Traffik ships with InMemory, Redis, and Memcached backends. Those cover the vast majority of use cases. But if you have a custom storage layer — DynamoDB, Cassandra, a SQL database, an in-house cache — you can plug it in by subclassing ThrottleBackend.

The contract is well-defined, the base class handles a lot of the plumbing for you, and you only need to implement the storage operations themselves.


Inherit from ThrottleBackend

from traffik.backends.base import ThrottleBackend

class CustomBackend(ThrottleBackend[YourConnectionType, HTTPConnection]):
    ...

The two type parameters are:

  • YourConnectionType — the type of your underlying storage connection (e.g., aiohttp.ClientSession, asyncpg.Pool, your own client class)
  • HTTPConnection — the Starlette HTTP connection type (Request, WebSocket, or HTTPConnection for both)

Required Methods

You must implement all of these. The base class will automatically wrap them to re-raise exceptions as BackendError (using the base_exception_type class variable).

class CustomBackend(ThrottleBackend):
    base_exception_type = YourLibraryBaseException  # Exceptions to wrap as BackendError

    async def initialize(self) -> None:
        """Setup connections, create tables, etc. Called before first use."""
        self.connection = await create_connection(...)

    async def get(self, key: str) -> Optional[str]:
        """Get value for key. Returns None if not found."""
        return await self.connection.get(key)

    async def set(self, key: str, value: str, expire: Optional[int] = None) -> None:
        """Set value for key with optional TTL in seconds."""
        await self.connection.set(key, value, ex=expire)

    async def delete(self, key: str) -> None:
        """Remove key. Should not raise if key doesn't exist."""
        await self.connection.delete(key)
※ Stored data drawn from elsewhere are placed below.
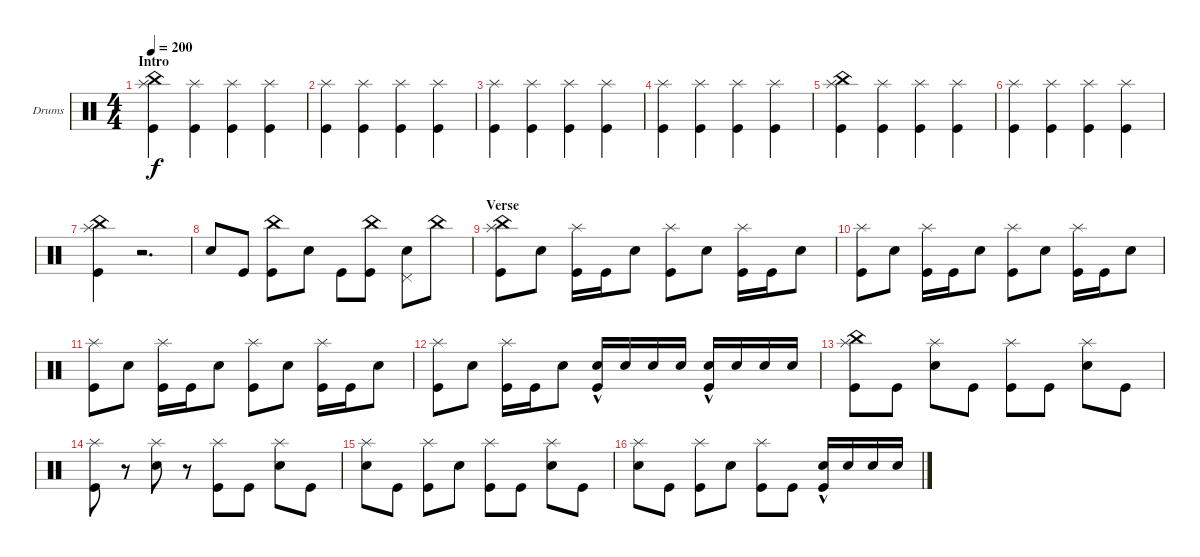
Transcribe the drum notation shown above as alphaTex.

\defaultSystemsLayout 4
\bracketExtendMode groupsimilarinstruments
\firstSystemTrackNameOrientation horizontal
\otherSystemsTrackNameOrientation horizontal
\track ("Drumkit" "Drums") {instrument percussion}
\staff {score}
\articulation defaults
\ts (4 4)
\section ("" "Intro")
\tempo 200
\clef neutral
\ks c
("Kick (hit)" "Splash (hit)" "China (hit)").4{dy f} ("Kick (hit)" "Splash (hit)").4 ("Kick (hit)" "Splash (hit)").4 ("Kick (hit)" "Splash (hit)").4 |
("Kick (hit)" "Splash (hit)").4 ("Kick (hit)" "Splash (hit)").4 ("Kick (hit)" "Splash (hit)").4 ("Kick (hit)" "Splash (hit)").4 |
("Kick (hit)" "Splash (hit)").4 ("Kick (hit)" "Splash (hit)").4 ("Kick (hit)" "Splash (hit)").4 ("Kick (hit)" "Splash (hit)").4 |
("Kick (hit)" "Splash (hit)").4 ("Kick (hit)" "Splash (hit)").4 ("Kick (hit)" "Splash (hit)").4 ("Kick (hit)" "Splash (hit)").4 |
("Kick (hit)" "Splash (hit)" "China (hit)").4 ("Kick (hit)" "Splash (hit)").4 ("Kick (hit)" "Splash (hit)").4 ("Kick (hit)" "Splash (hit)").4 |
("Kick (hit)" "Splash (hit)").4 ("Kick (hit)" "Splash (hit)").4 ("Kick (hit)" "Splash (hit)").4 ("Kick (hit)" "Splash (hit)").4 |
("Kick (hit)" "China (hit)" "Splash (hit)").4 r.2{d} |
"Snare (hit) 2".8 "Kick (hit)".8 ("Kick (hit)" "China (hit)").8 "Snare (hit) 2".8 "Kick (hit)".8 ("Kick (hit)" "China (hit)").8 ("Snare (hit) 2" "Pedal Hi-Hat (hit)").8 "China (hit)".8 |
\section ("" "Verse")
("Splash (hit)" "Kick (hit)" "China (hit)").8 "Snare (hit) 2".8 ("Splash (hit)" "Kick (hit)").16 "Kick (hit)".16 "Snare (hit) 2".8 ("Splash (hit)" "Kick (hit)").8 "Snare (hit) 2".8 ("Splash (hit)" "Kick (hit)").16 "Kick (hit)".16 "Snare (hit) 2".8 |
("Splash (hit)" "Kick (hit)").8 "Snare (hit) 2".8 ("Splash (hit)" "Kick (hit)").16 "Kick (hit)".16 "Snare (hit) 2".8 ("Splash (hit)" "Kick (hit)").8 "Snare (hit) 2".8 ("Splash (hit)" "Kick (hit)").16 "Kick (hit)".16 "Snare (hit) 2".8 |
("Splash (hit)" "Kick (hit)").8 "Snare (hit) 2".8 ("Splash (hit)" "Kick (hit)").16 "Kick (hit)".16 "Snare (hit) 2".8 ("Splash (hit)" "Kick (hit)").8 "Snare (hit) 2".8 ("Splash (hit)" "Kick (hit)").16 "Kick (hit)".16 "Snare (hit) 2".8 |
("Splash (hit)" "Kick (hit)").8 "Snare (hit) 2".8 ("Splash (hit)" "Kick (hit)").16 "Kick (hit)".16 "Snare (hit) 2".8 ("Kick (hit)" "Snare (hit) 2"{hac}).16 "Snare (hit) 2".16 "Snare (hit) 2".16 "Snare (hit) 2".16 ("Kick (hit)" "Snare (hit) 2"{hac}).16 "Snare (hit) 2".16 "Snare (hit) 2".16 "Snare (hit) 2".16 |
("Kick (hit)" "Splash (hit)" "China (hit)").8 "Kick (hit)".8 ("Splash (hit)" "Snare (hit) 2").8 "Kick (hit)".8 ("Kick (hit)" "Splash (hit)").8 "Kick (hit)".8 ("Splash (hit)" "Snare (hit) 2").8 "Kick (hit)".8 |
("Kick (hit)" "Splash (hit)").8 r.8 ("Splash (hit)" "Snare (hit) 2").8 r.8 ("Kick (hit)" "Splash (hit)").8 "Kick (hit)".8 ("Splash (hit)" "Snare (hit) 2").8 "Kick (hit)".8 |
("Splash (hit)" "Snare (hit) 2").8 "Kick (hit)".8 ("Splash (hit)" "Kick (hit)").8 "Snare (hit) 2".8 ("Kick (hit)" "Splash (hit)").8 "Kick (hit)".8 ("Splash (hit)" "Snare (hit) 2").8 "Kick (hit)".8 |
("Splash (hit)" "Snare (hit) 2").8 "Kick (hit)".8 ("Splash (hit)" "Kick (hit)").8 "Snare (hit) 2".8 ("Kick (hit)" "Splash (hit)").8 "Kick (hit)".8 ("Kick (hit)" "Snare (hit) 2"{hac}).16 "Snare (hit) 2".16 "Snare (hit) 2".16 "Snare (hit) 2".16

    async def increment(self, key: str, amount: int = 1) -> int:
        """Atomically increment counter. Returns new value."""
        return await self.connection.incrby(key, amount)

    async def decrement(self, key: str, amount: int = 1) -> int:
        """Atomically decrement counter. Returns new value."""
        return await self.connection.decrby(key, amount)

    async def expire(self, key: str, seconds: int) -> None:
        """Set TTL on an existing key."""
        await self.connection.expire(key, seconds)

    async def get_lock(self, key: str, timeout: Optional[float] = None) -> AsyncLock:
        """
        Return a distributed lock object for key.
        The returned object must implement the AsyncLock protocol:
          - locked() -> bool
          - acquire(blocking, blocking_timeout) -> bool
          - release() -> None
        """
        return MyDistributedLock(key, timeout=timeout)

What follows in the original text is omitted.